*** Block opens ***

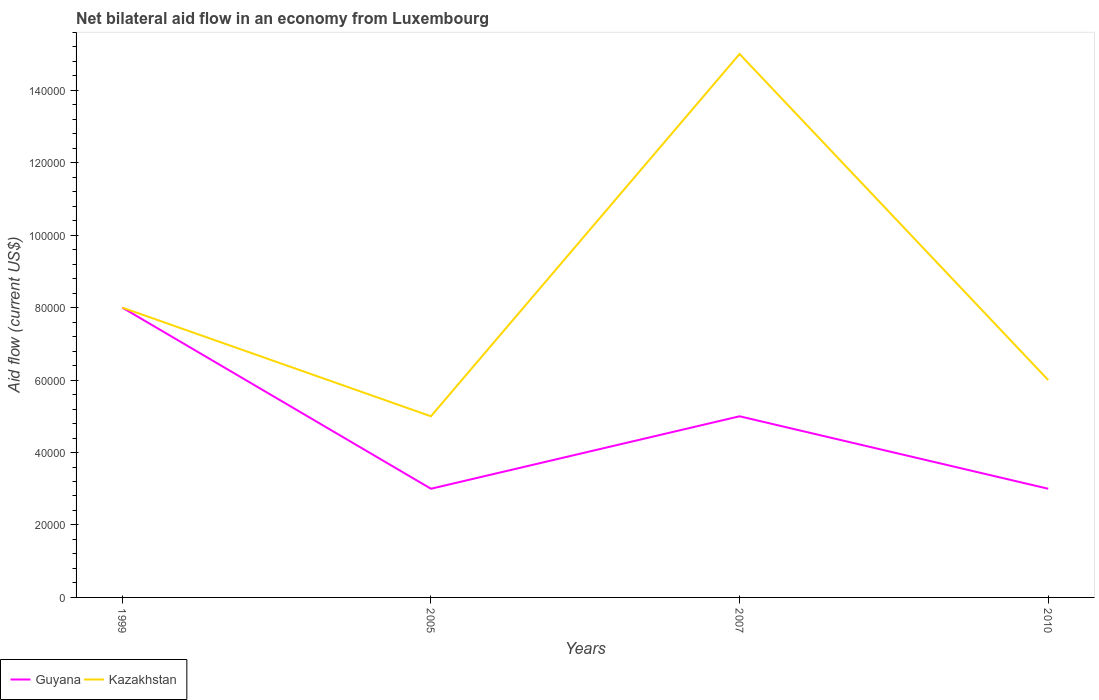How many different coloured lines are there?
Provide a short and direct response. 2. Does the line corresponding to Guyana intersect with the line corresponding to Kazakhstan?
Provide a succinct answer. Yes. Is the number of lines equal to the number of legend labels?
Ensure brevity in your answer.  Yes. Across all years, what is the maximum net bilateral aid flow in Guyana?
Your answer should be compact. 3.00e+04. In which year was the net bilateral aid flow in Kazakhstan maximum?
Provide a short and direct response. 2005. What is the total net bilateral aid flow in Guyana in the graph?
Your answer should be very brief. 3.00e+04. What is the difference between the highest and the lowest net bilateral aid flow in Guyana?
Keep it short and to the point. 2. How many lines are there?
Make the answer very short. 2. What is the difference between two consecutive major ticks on the Y-axis?
Keep it short and to the point. 2.00e+04. Are the values on the major ticks of Y-axis written in scientific E-notation?
Ensure brevity in your answer.  No. Does the graph contain any zero values?
Offer a very short reply. No. Where does the legend appear in the graph?
Your answer should be compact. Bottom left. How many legend labels are there?
Make the answer very short. 2. How are the legend labels stacked?
Offer a terse response. Horizontal. What is the title of the graph?
Provide a succinct answer. Net bilateral aid flow in an economy from Luxembourg. What is the Aid flow (current US$) in Kazakhstan in 1999?
Provide a short and direct response. 8.00e+04. What is the Aid flow (current US$) in Guyana in 2005?
Keep it short and to the point. 3.00e+04. What is the Aid flow (current US$) of Kazakhstan in 2005?
Your answer should be very brief. 5.00e+04. What is the Aid flow (current US$) in Guyana in 2007?
Ensure brevity in your answer.  5.00e+04. What is the Aid flow (current US$) in Kazakhstan in 2007?
Offer a very short reply. 1.50e+05. What is the Aid flow (current US$) in Kazakhstan in 2010?
Your answer should be compact. 6.00e+04. Across all years, what is the maximum Aid flow (current US$) of Guyana?
Your answer should be very brief. 8.00e+04. Across all years, what is the maximum Aid flow (current US$) of Kazakhstan?
Your response must be concise. 1.50e+05. Across all years, what is the minimum Aid flow (current US$) of Guyana?
Your response must be concise. 3.00e+04. Across all years, what is the minimum Aid flow (current US$) in Kazakhstan?
Ensure brevity in your answer.  5.00e+04. What is the difference between the Aid flow (current US$) in Guyana in 1999 and that in 2007?
Provide a short and direct response. 3.00e+04. What is the difference between the Aid flow (current US$) of Guyana in 1999 and that in 2010?
Keep it short and to the point. 5.00e+04. What is the difference between the Aid flow (current US$) of Kazakhstan in 2005 and that in 2007?
Ensure brevity in your answer.  -1.00e+05. What is the difference between the Aid flow (current US$) in Guyana in 1999 and the Aid flow (current US$) in Kazakhstan in 2007?
Make the answer very short. -7.00e+04. What is the difference between the Aid flow (current US$) of Guyana in 2007 and the Aid flow (current US$) of Kazakhstan in 2010?
Provide a succinct answer. -10000. What is the average Aid flow (current US$) in Guyana per year?
Give a very brief answer. 4.75e+04. What is the average Aid flow (current US$) of Kazakhstan per year?
Your answer should be very brief. 8.50e+04. In the year 1999, what is the difference between the Aid flow (current US$) in Guyana and Aid flow (current US$) in Kazakhstan?
Offer a terse response. 0. In the year 2007, what is the difference between the Aid flow (current US$) in Guyana and Aid flow (current US$) in Kazakhstan?
Your answer should be very brief. -1.00e+05. What is the ratio of the Aid flow (current US$) in Guyana in 1999 to that in 2005?
Keep it short and to the point. 2.67. What is the ratio of the Aid flow (current US$) of Kazakhstan in 1999 to that in 2005?
Your answer should be very brief. 1.6. What is the ratio of the Aid flow (current US$) of Guyana in 1999 to that in 2007?
Give a very brief answer. 1.6. What is the ratio of the Aid flow (current US$) of Kazakhstan in 1999 to that in 2007?
Provide a succinct answer. 0.53. What is the ratio of the Aid flow (current US$) in Guyana in 1999 to that in 2010?
Ensure brevity in your answer.  2.67. What is the ratio of the Aid flow (current US$) in Guyana in 2005 to that in 2010?
Make the answer very short. 1. What is the ratio of the Aid flow (current US$) of Guyana in 2007 to that in 2010?
Your response must be concise. 1.67. What is the ratio of the Aid flow (current US$) of Kazakhstan in 2007 to that in 2010?
Keep it short and to the point. 2.5. What is the difference between the highest and the second highest Aid flow (current US$) of Kazakhstan?
Your answer should be compact. 7.00e+04.

*** Block closes ***

=== TASK DETAILS ===
Output the line containing "Keep it short and to the point. 2.67." together with all later lines of the entries, exactly as written, through the final line.

=== SOLVED PROBLEM ===
Keep it short and to the point. 2.67. What is the ratio of the Aid flow (current US$) of Kazakhstan in 1999 to that in 2005?
Your answer should be very brief. 1.6. What is the ratio of the Aid flow (current US$) of Guyana in 1999 to that in 2007?
Give a very brief answer. 1.6. What is the ratio of the Aid flow (current US$) of Kazakhstan in 1999 to that in 2007?
Provide a succinct answer. 0.53. What is the ratio of the Aid flow (current US$) in Guyana in 1999 to that in 2010?
Ensure brevity in your answer.  2.67. What is the ratio of the Aid flow (current US$) in Guyana in 2005 to that in 2010?
Make the answer very short. 1. What is the ratio of the Aid flow (current US$) of Guyana in 2007 to that in 2010?
Your response must be concise. 1.67. What is the ratio of the Aid flow (current US$) of Kazakhstan in 2007 to that in 2010?
Keep it short and to the point. 2.5. What is the difference between the highest and the second highest Aid flow (current US$) of Kazakhstan?
Your answer should be compact. 7.00e+04.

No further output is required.